Can you help me read the graph and say why the Zilla data is adding up the motor amperage (4000A) but not the motor volts (only 200V)...Unless motor volts are on the secondary axis on the right-side of the graph...


----------



## DIYguy (Sep 18, 2008)

John, it's time to change the thread title.


----------



## John Metric (Feb 26, 2009)

*Re: DC Plasma - Build Thread - 9Sec Fiero*



DIYguy said:


> John, it's time to change the thread title.


I would if I could.

Here are some links to the video.
http://www.youtube.com/watch?feature=player_profilepage&v=dFf5ObTBofk

and the gopro footage of Shawn Lawless in an unusual position of coming in second....
http://www.youtube.com/user/dcplasmaracing?feature=mhee#p/c/A3E4F9ED20798E34/17/2rflqt918MI


----------



## John Metric (Feb 26, 2009)

*Re: DC Plasma - Build Thread - 9Sec Fiero*



Bowser330 said:


> Can you help me read the graph and say why the Zilla data is adding up the motor amperage (4000A) but not the motor volts (only 200V)...Unless motor volts are on the secondary axis on the right-side of the graph...


This chart is a summation of two zilla logs.
The two motors are in parallel, with each zilla providing power to one motor.
The motor volts are limited to 199V, that doesn't add together. There are actually two voltage lines nearly on top of each other, but I hid one to make the chart a little clearer. But the current is 2000amps each and that does add together for 4000 amps total.

The other tricky thing is the motors make 4000 amps (2kX2) and about 170V when the pack is around 250V and 2500Amps.

I had the battery limit here set at my previous setting of 2500 Amps.

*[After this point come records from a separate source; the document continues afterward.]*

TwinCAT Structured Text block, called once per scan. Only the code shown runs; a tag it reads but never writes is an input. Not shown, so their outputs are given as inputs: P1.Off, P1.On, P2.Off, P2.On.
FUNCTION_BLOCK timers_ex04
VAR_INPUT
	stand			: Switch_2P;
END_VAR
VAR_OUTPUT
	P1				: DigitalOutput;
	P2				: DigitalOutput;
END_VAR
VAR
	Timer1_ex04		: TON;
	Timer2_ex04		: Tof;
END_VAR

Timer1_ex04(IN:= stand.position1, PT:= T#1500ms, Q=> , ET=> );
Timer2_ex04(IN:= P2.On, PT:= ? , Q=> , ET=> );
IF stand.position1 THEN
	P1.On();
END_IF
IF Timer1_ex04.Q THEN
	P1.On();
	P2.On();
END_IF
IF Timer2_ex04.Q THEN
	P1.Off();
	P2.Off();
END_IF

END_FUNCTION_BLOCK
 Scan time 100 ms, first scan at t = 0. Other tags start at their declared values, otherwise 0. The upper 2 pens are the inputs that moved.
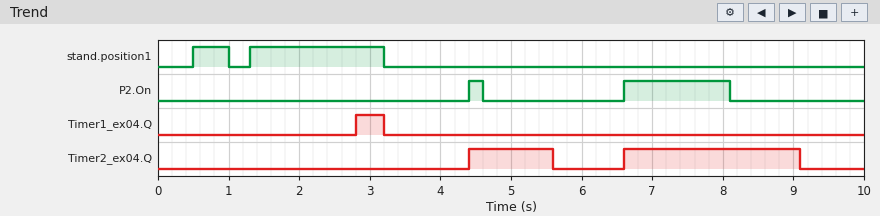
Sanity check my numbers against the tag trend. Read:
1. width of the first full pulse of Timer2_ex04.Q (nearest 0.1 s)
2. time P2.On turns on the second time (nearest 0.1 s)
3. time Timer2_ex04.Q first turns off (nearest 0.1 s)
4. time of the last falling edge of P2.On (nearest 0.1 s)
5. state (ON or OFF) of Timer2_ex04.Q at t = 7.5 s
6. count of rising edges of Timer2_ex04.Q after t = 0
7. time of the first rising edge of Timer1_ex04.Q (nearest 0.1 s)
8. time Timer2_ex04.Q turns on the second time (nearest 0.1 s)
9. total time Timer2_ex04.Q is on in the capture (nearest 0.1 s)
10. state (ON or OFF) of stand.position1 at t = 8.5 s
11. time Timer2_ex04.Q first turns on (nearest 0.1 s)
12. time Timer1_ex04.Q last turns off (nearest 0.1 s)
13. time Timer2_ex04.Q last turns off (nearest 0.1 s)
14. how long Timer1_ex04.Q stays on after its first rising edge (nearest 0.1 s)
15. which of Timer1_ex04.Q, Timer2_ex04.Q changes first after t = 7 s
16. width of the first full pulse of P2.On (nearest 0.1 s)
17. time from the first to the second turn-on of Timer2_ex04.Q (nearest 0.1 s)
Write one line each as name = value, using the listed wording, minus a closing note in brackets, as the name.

width of the first full pulse of Timer2_ex04.Q = 1.2 s
time P2.On turns on the second time = 6.6 s
time Timer2_ex04.Q first turns off = 5.6 s
time of the last falling edge of P2.On = 8.1 s
state (ON or OFF) of Timer2_ex04.Q at t = 7.5 s = ON
count of rising edges of Timer2_ex04.Q after t = 0 = 2
time of the first rising edge of Timer1_ex04.Q = 2.8 s
time Timer2_ex04.Q turns on the second time = 6.6 s
total time Timer2_ex04.Q is on in the capture = 3.7 s
state (ON or OFF) of stand.position1 at t = 8.5 s = OFF
time Timer2_ex04.Q first turns on = 4.4 s
time Timer1_ex04.Q last turns off = 3.2 s
time Timer2_ex04.Q last turns off = 9.1 s
how long Timer1_ex04.Q stays on after its first rising edge = 0.4 s
which of Timer1_ex04.Q, Timer2_ex04.Q changes first after t = 7 s = Timer2_ex04.Q
width of the first full pulse of P2.On = 0.2 s
time from the first to the second turn-on of Timer2_ex04.Q = 2.2 s
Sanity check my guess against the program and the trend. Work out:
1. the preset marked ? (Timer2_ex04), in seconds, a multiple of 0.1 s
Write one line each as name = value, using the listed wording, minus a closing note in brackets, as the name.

the preset marked ? (Timer2_ex04), in seconds, a multiple of 0.1 s = 1.0 s
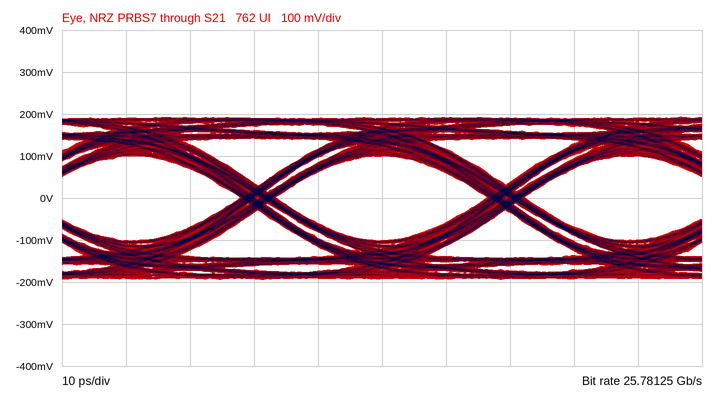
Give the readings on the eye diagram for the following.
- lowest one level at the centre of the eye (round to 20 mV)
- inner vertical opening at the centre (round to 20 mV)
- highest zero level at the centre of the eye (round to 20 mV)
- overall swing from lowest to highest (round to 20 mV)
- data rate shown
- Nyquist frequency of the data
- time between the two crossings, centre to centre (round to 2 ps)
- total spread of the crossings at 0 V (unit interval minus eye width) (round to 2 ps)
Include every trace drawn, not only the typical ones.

100 mV
200 mV
-100 mV
380 mV
25.78125 Gb/s
12.89062 GHz
38 ps
6 ps
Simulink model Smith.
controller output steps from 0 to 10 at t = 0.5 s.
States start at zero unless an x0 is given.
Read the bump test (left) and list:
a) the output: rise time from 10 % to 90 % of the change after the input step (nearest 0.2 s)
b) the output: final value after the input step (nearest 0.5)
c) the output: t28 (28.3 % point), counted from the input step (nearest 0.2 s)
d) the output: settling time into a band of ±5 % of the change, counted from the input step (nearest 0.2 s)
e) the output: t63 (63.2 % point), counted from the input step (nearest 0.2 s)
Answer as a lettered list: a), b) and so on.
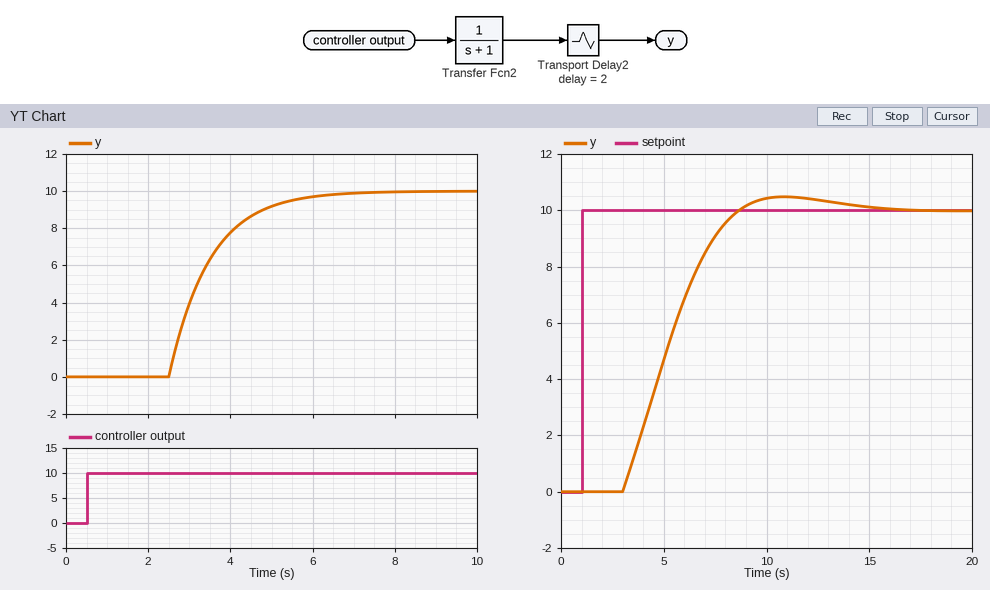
a) 2.2 s
b) 10.0
c) 2.4 s
d) 5.0 s
e) 3.0 s
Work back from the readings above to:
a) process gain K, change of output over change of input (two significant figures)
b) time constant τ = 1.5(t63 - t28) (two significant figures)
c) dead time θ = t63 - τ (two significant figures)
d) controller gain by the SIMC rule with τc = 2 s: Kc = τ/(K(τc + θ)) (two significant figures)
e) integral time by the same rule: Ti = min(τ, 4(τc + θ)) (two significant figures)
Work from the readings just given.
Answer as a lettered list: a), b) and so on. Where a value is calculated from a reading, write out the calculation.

a) (10 - 0) / 10 = 1.0
b) 1.5 × (3 - 2.4) = 0.90 s
c) 3 - 0.9 = 2.1 s
d) 0.9 / (1 × (2 + 2.1)) = 0.22
e) min(0.9, 4 × (2 + 2.1)) = 0.90 s
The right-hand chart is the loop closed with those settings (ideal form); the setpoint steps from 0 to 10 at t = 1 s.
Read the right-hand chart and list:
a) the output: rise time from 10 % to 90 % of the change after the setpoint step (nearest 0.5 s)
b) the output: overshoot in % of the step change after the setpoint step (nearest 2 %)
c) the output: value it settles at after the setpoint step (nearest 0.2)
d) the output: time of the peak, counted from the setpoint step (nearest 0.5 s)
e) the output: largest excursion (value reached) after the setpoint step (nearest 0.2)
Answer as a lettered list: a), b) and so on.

a) 4.0 s
b) 4 %
c) 10.0
d) 10.0 s
e) 10.4

I will try 2800amps next (approx. 90C factory rating)
Also, I am tempted to play with the 199V setting.









Metric


----------



## John Metric (Feb 26, 2009)

*Re: DC Plasma - Build Thread - 9Sec Fiero*



Bowser330 said:


> holy shit you launched like a bat out of hell! Can you help me read the graph and say why the Zilla data is adding up the motor amperage (4000A) but not the motor volts (only 200V)...Unless motor volts are on the secondary axis on the right-side of the graph...


It is also not adding the torque calculations together, I just noticed.
That is the calcs(pre-motor efficiency) for one motor.


----------



## GerhardRP (Nov 17, 2009)

John Metric said:


> Here is the run chart for the 9 second run.
> We made a peak battery HP of 862
> We crossed the line at 134mph and 4300rpm


Great run.
Can you comment on the current dip at about 1.5 seconds? did you lose traction?
Also, can you PM me the raw data for further analysis?
Gerhard


----------



## John Metric (Feb 26, 2009)

GerhardRP said:


> Great run.
> Can you comment on the current dip at about 1.5 seconds? did you lose traction?
> Also, can you PM me the raw data for further analysis?
> Gerhard


Yes, that is a bad habit of mine, I lifted my foot around the 60 foot mark because at my home track in Baytown, that is where you switch from a deep concrete slab to a shallow one and the dew builds up there and I have broke traction at that exact spot DOZENS of times. So I tend to lift a little there to try to get through that area. You can see this on the line labeled "pedal" where it drops from 100%. I also slightly lift the pedal during when I am looking down for the overdrive shift button. I have already broken one pedal due to bracing myself for the acceleration by standing on the pedal so now I have this ultra light touch on the plastic.

I will send the hex dump if you want. Can you interpret it?


----------



## John Metric (Feb 26, 2009)

GerhardRP said:


> Great run.
> Can you comment on the current dip at about 1.5 seconds? did you lose traction?
> Also, can you PM me the raw data for further analysis?
> Gerhard


Here is a run chart of what a traction break looks like at that exact spot from mid summer. Followed by one without.


----------



## GerhardRP (Nov 17, 2009)

John Metric said:


> I will send the hex dump if you want. Can you interpret it?


HEX is cool as long as I know what the columns mean. I've PM'd my email.
Gerhard


----------



## GerhardRP (Nov 17, 2009)

GerhardRP said:


> HEX is cool as long as I know what the columns mean. I've PM'd my email.
> Gerhard


There seems to be a calibration factor for motor volts, about 199/115.
Is that true?
Gerhard


----------



## Otmar (Dec 4, 2008)

GerhardRP said:


> There seems to be a calibration factor for motor volts, about 199/115.
> Is that true?
> Gerhard


Assuming he is sending you direct Zilla data, yes about 1.75V per bit. 
All the details for raw data are here: 

http://www.cafeelectricpress.com/blog/?p=16


----------



## John Metric (Feb 26, 2009)

DC Plasma raced the Texas Mile today and ran a 134mph in the 1/2 mile and 155mph in the full mile. From a standing start. You can see the first uploaded video by Mike Dunn here.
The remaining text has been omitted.